Which leads to an interesting question: What would happen, Eberstadt wondered, when, "for the first time in history . . . [people] are more or less free to have all the sex and food they want?" Would they pursue both food and sex with equal ardor?

Oddly enough, they don't. Instead, many engage in a sexual free-for-all—but put stringent moral strictures on anything to do with food. A modern young woman might think nothing of living with several different men, and having abortions when she gets pregnant. But she would not dream of eating anything from a factory farm. That would be immoral.

In effect, some people have reversed the "moral poles" of sex and eating, Eberstadt writes. They are engaging in "mindful eating and mindless sex."

Why is this happening? As Eberstadt writes, "It is hard to avoid the conclusion that rules being drawn around food receive some force from the fact that people are uncomfortable with how far the sexual revolution has gone."

"Not knowing what to do about it," she says, "they turn for increasing consolation to mining morality out of what they eat."

Or, as my former colleague Jim Tonkowich notes, "For all our relativistic talk" about encouraging people to make their own moral choices, "we cannot get away from an inner sense of right and wrong and the desire to codify [it]."

Jim is right. As the apostle Paul put it, God's law is written on our hearts.

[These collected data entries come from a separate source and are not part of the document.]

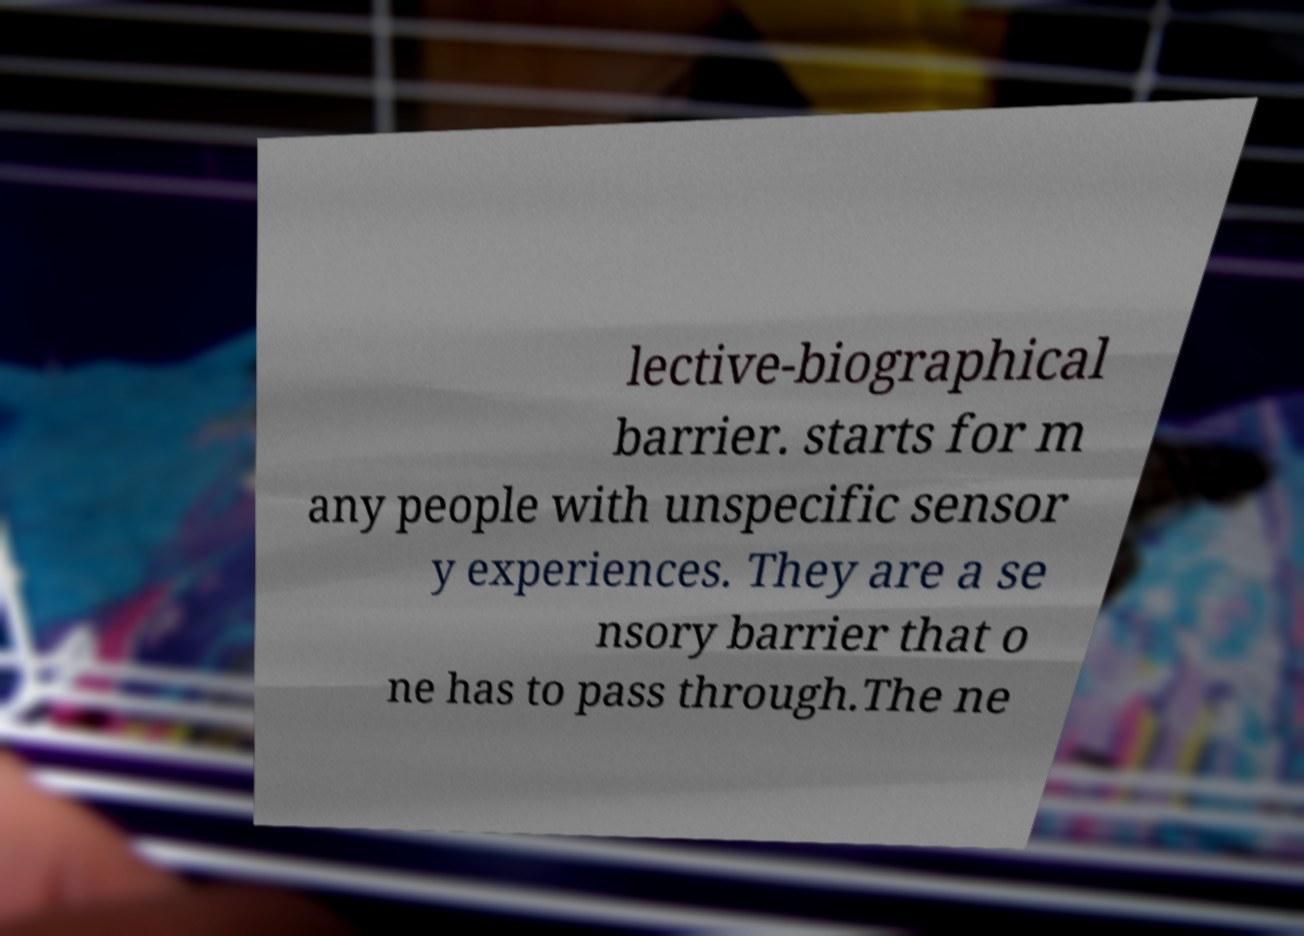What messages or text are displayed in this image? I need them in a readable, typed format. lective-biographical barrier. starts for m any people with unspecific sensor y experiences. They are a se nsory barrier that o ne has to pass through.The ne 
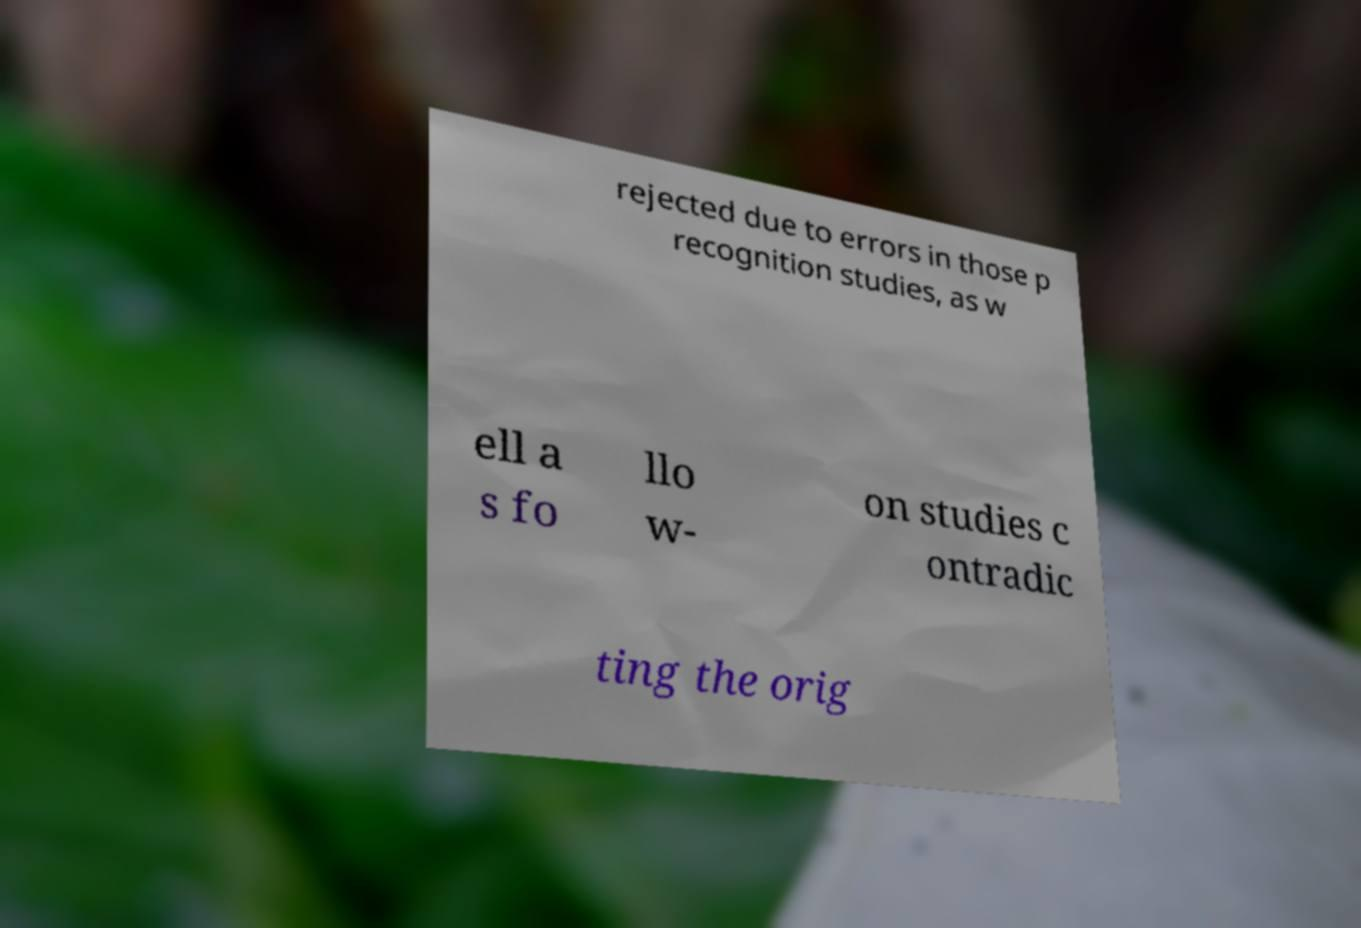For documentation purposes, I need the text within this image transcribed. Could you provide that? rejected due to errors in those p recognition studies, as w ell a s fo llo w- on studies c ontradic ting the orig 
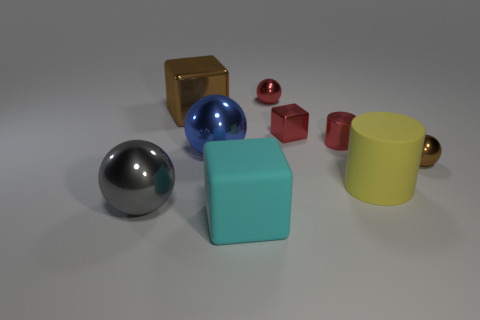There is a big block that is in front of the large metal thing in front of the yellow matte cylinder; is there a shiny cylinder that is on the left side of it? no 
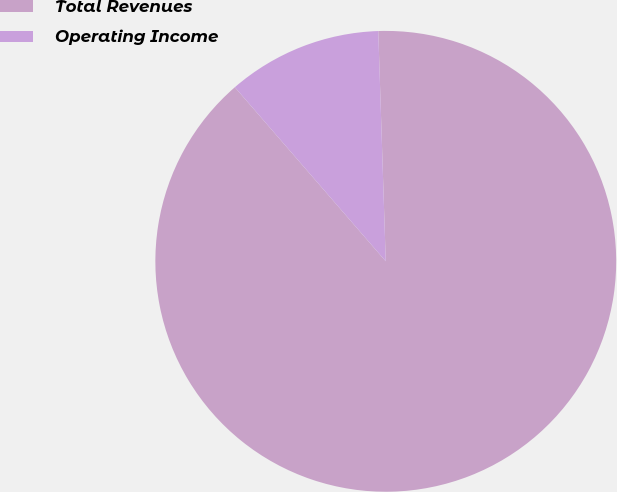Convert chart. <chart><loc_0><loc_0><loc_500><loc_500><pie_chart><fcel>Total Revenues<fcel>Operating Income<nl><fcel>89.15%<fcel>10.85%<nl></chart> 
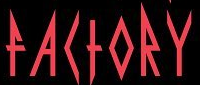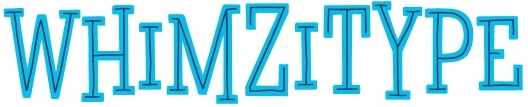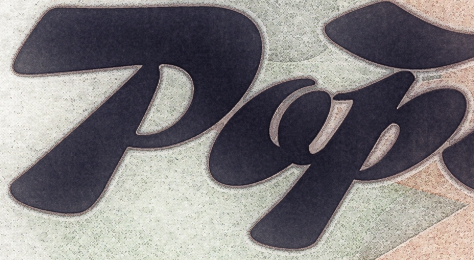Read the text content from these images in order, separated by a semicolon. FACTORY; WHIMZITYPE; Pop 
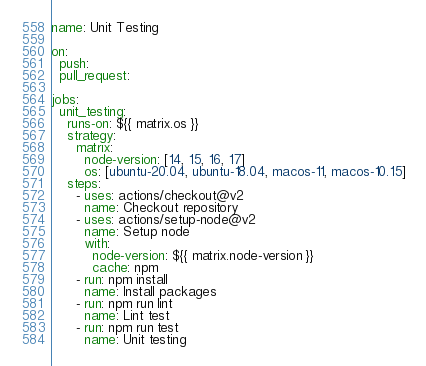Convert code to text. <code><loc_0><loc_0><loc_500><loc_500><_YAML_>name: Unit Testing

on:
  push:
  pull_request:

jobs:
  unit_testing:
    runs-on: ${{ matrix.os }}
    strategy:
      matrix:
        node-version: [14, 15, 16, 17]
        os: [ubuntu-20.04, ubuntu-18.04, macos-11, macos-10.15]
    steps:
      - uses: actions/checkout@v2
        name: Checkout repository
      - uses: actions/setup-node@v2
        name: Setup node
        with:
          node-version: ${{ matrix.node-version }}
          cache: npm
      - run: npm install
        name: Install packages
      - run: npm run lint
        name: Lint test
      - run: npm run test
        name: Unit testing
</code> 
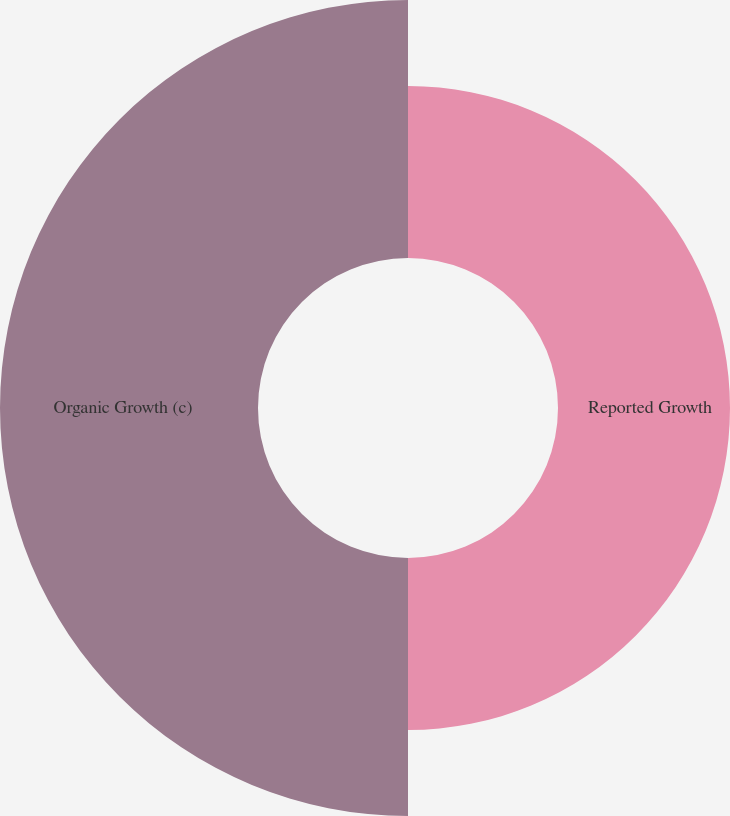Convert chart. <chart><loc_0><loc_0><loc_500><loc_500><pie_chart><fcel>Reported Growth<fcel>Organic Growth (c)<nl><fcel>40.0%<fcel>60.0%<nl></chart> 
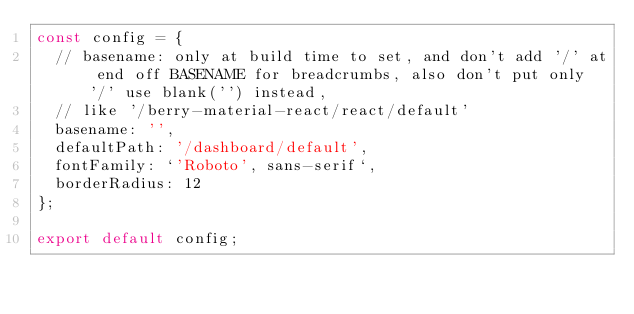Convert code to text. <code><loc_0><loc_0><loc_500><loc_500><_JavaScript_>const config = {
  // basename: only at build time to set, and don't add '/' at end off BASENAME for breadcrumbs, also don't put only '/' use blank('') instead,
  // like '/berry-material-react/react/default'
  basename: '',
  defaultPath: '/dashboard/default',
  fontFamily: `'Roboto', sans-serif`,
  borderRadius: 12
};

export default config;
</code> 
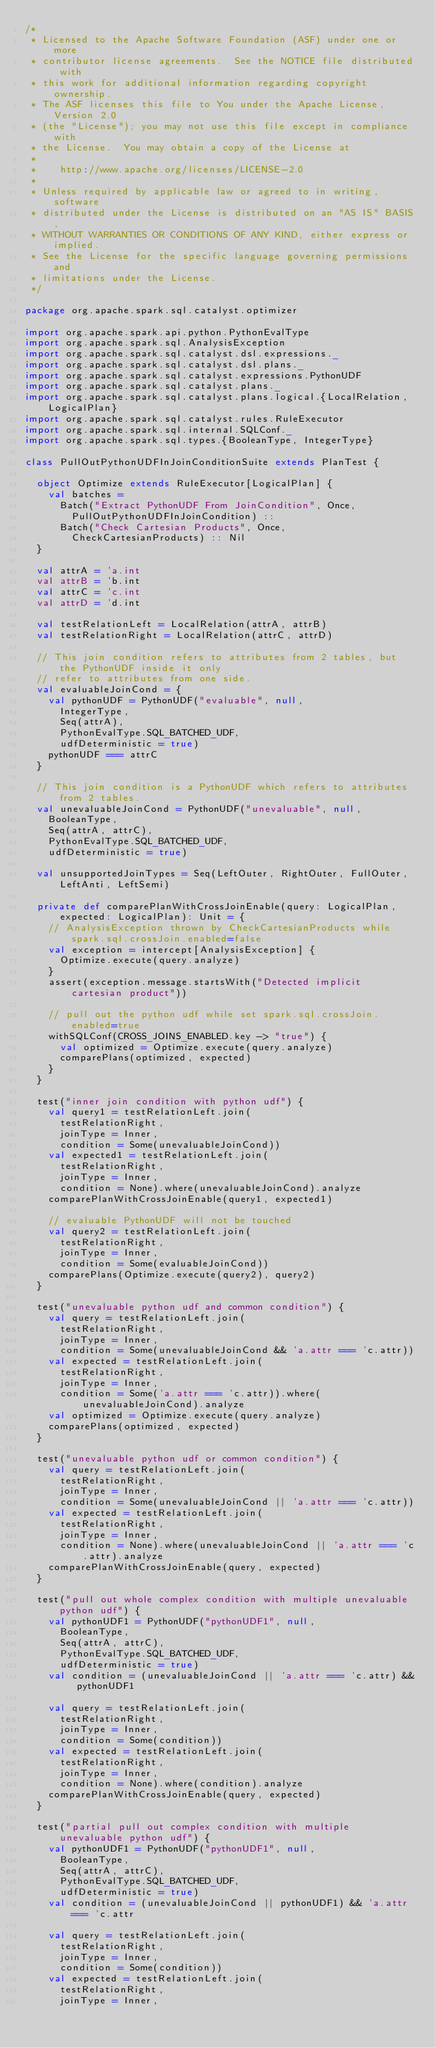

We can deceive ourselves into believing it doesn't exist, but when we do, we find our God-given sense of morality breaking out in other forms. In this case, in food—though it would be better the other way around.

This is what we ought to lovingly share with our unsaved friends—maybe over dinner—people who may think nothing wrong with living together out of wedlock, but who wouldn't dream of eating mandarin oranges from Spain.